Muy cerca de la plaza quedan retazos del antiguo poblado, casas de una planta, ladrillo y uralita con sus corrales y patios atiborrados de trastos y tomados por las malas hierbas. Casas abandonadas, deshabitadas por la presión de las nuevas urbanizaciones.
En un descampado, que se enfrenta a los nuevos bloques, florecen tres almendros retorcidos y raquíticos que se engalanan en vísperas de su muerte anunciada entre matorrales y matojos grisáceos en los que se enredan envoltorios de tabaco, chicle y patatas fritas, latas aplastadas y botellas de plástico.
Un insulto visual para los residentes invisibles de la ciudad residencial y para los no menos invisibles clientes de un hotel de lujo de las proximidades que adorna sus fachadas con columnas y capiteles clásicos para ennoblecer a lo "posmoderno" la siempre humilde presencia del ladrillo visto.
Anónimos artistas de la rúbrica embadurnaron con sus apresurados garabatos los muros recién pintados. En un extremo del solar de los almendros, un maestro del género ha reciclado una flecha, que indica la dirección de un taller de automóviles, en obra de arte que no desmerecería en los salones de Arco que ha cerrado sus puertas hace unos días en el cercano Ifema del Parque de las Naciones.

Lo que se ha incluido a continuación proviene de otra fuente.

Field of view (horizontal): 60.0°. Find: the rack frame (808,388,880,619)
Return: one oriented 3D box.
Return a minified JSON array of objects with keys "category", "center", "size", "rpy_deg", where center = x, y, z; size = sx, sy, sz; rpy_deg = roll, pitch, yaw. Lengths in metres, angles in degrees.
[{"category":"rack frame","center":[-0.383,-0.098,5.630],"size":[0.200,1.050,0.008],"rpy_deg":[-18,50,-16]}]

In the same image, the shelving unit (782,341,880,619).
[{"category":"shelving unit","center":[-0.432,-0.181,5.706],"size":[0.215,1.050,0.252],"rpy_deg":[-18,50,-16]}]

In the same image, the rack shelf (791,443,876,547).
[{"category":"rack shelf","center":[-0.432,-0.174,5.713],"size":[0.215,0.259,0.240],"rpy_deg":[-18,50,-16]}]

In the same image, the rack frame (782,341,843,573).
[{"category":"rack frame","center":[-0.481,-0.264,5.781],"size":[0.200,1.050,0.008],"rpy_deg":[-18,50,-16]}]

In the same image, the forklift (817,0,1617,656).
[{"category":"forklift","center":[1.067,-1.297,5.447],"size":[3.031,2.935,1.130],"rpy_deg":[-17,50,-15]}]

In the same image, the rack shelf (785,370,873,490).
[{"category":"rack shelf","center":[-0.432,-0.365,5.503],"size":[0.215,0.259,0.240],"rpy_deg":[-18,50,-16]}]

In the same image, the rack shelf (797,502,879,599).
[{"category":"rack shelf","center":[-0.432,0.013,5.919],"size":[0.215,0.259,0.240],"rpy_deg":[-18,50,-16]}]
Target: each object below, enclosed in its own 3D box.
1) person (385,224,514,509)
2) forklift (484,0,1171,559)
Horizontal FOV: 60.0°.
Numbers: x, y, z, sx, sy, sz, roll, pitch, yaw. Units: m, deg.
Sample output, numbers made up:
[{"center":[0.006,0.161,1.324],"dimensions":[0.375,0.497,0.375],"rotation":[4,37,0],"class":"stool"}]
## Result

El parque del Conde Orgaz se llama la urbanización de alto standing que clavó su proa en las tierras del conde de Canillas, conflictos feudales entre viejos y nuevos colonos de estas tierras de promisión. Iniciada en los años sesenta, la colonia del Conde de Orgaz fue trazada siguiendo los desniveles y perfiles del terreno sin someterlo a la clásica y desnaturalizada cuadrícula habitual en este tipo de colonias.
Los privilegiados colonizadores ocultaron muchas veces sus privilegiadas residencias entre setos y bosquetes, bajo la copa de frondosos árboles. Zona verde respetuosa con la altura y la natura, reserva natural y artificiosa, el coto del conde marcó una pauta ecológica que ha ido degradándose en sus secuelas, en las nuevas colonias que brotaron al socaire de su nombre y al reclamo de sus elevados precios por metro cuadrado. Antes de que brotaran cementos y ladrillos, cuando aún cantaban arroyos como el Calero y abundaban las orondas perdices hubo por estos cotarros una famosa dehesa llamada del Sotillo, famosa por su bosque de álamos negros.